I personally would never game via an external drive (unless I was on PC and the drive was connected using a special port for that purpose (called ‘esata’).
The ‘e’ in esata stands for ’ external’, and makes it the same speed as all the other sata buses used for moving drive data towarda the cpu and memory.
In a PC enthusiasts are moving beyond sata for faster drive access - a juge part of why this games proves flawless for me; I use a next gen interface; M2; which carries my primary drive data right into the cpu/memory buses quite unrestrained from bandwidth limitations of even the SATA bus…
Now- USB external drives have a few benefits and a few woes
Great for storage (eg media), and backups… great for simple games not requiring complex game world loading ‘on the fly’.
Can be cheap, very easy to add to a system.
Biggest weakness are their cost. They are generally the cheapest drives, made with portability (not speed/performace as their focus).
Even if they use a USB3 controller/interface chip- the drives themselves may never actually push data that quick.
Most small portable drives will have the slowest platter rotation speeds and have horrible seek times (the time it takes to move the mechanical drive head to where the data is…)
Some, due to platter density, might claim nice read speeds- but only for a nice long continuous file.
USB interface is going to be a hiccup for gaming, for some games even if it were possible KCD would HATE it.
The benefit here would be installing (and updating) on a freshly formatted drive might reveal how the other drive being fragmented caused issues.
The steps above that rebuilds a playstatio drive from scratch (via a PC that also checks for drive errors), is a very full on way to format a drive (not needed unless you want to do the error check).
The clean drive, free from fragmentation, is what we are after. This will help massively, and is no doubt the majoritys’ present woe with consoles version of the game.

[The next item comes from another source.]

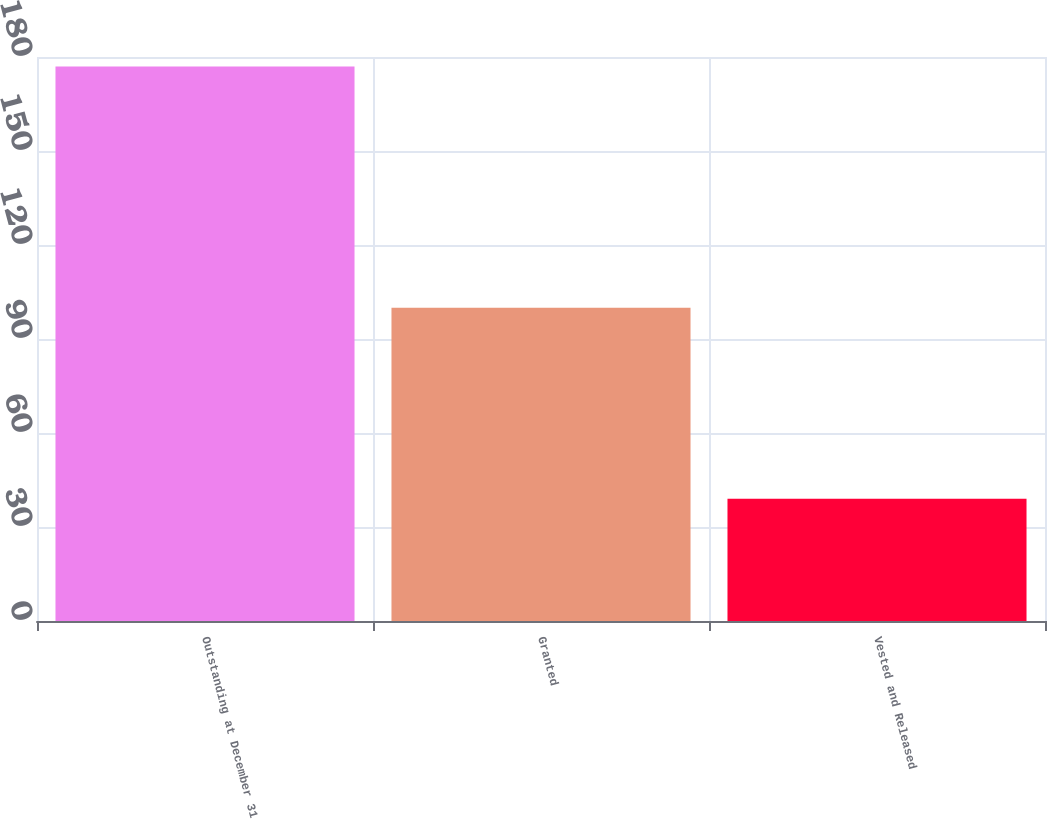<chart> <loc_0><loc_0><loc_500><loc_500><bar_chart><fcel>Outstanding at December 31<fcel>Granted<fcel>Vested and Released<nl><fcel>177<fcel>100<fcel>39<nl></chart>

(PC users complaining of similar issues as well)
We dont have to remove the playstation drive to do this. Drive errors generally happen from incorrect power on/off (eg hard power off at the wall rather than using playstations power buttons), and drives being moved whilst in use (not likely moving your playstation around when it is on?), or a combination of those first two: hard power off (drive doesnt have a chance to park the read heads), and then moving playstation (read heads touch drive platter; data is destroyed).
Sure drives die over time/can have manufacturing errors/etc… lion share of reasons for why drives die are not likley to be issues for typical playstation users…
I would skip the error checking drive step via the PC.
If you can do the rest of the steps though (backup), nuke drive, clean setup again, reinstall and restore…
That should do it.
Otherwise; my initial suggestions of delete a few old games installed when you first got the system… (they will be using a nice neat chucnk of drive space at the start of the disc), then with 70-80gbs of ‘clean’ continuous drivespace go ahead and install a clean KCD; and then even applying the patches; the data will all be together… and should allow much faster drive access.
Tl:DR external drives are generally slow, so ‘No’, KCD shouldnt be installed there.
Maybe a large 7200rpm drive that uses external power. . But otherwise No. Just No.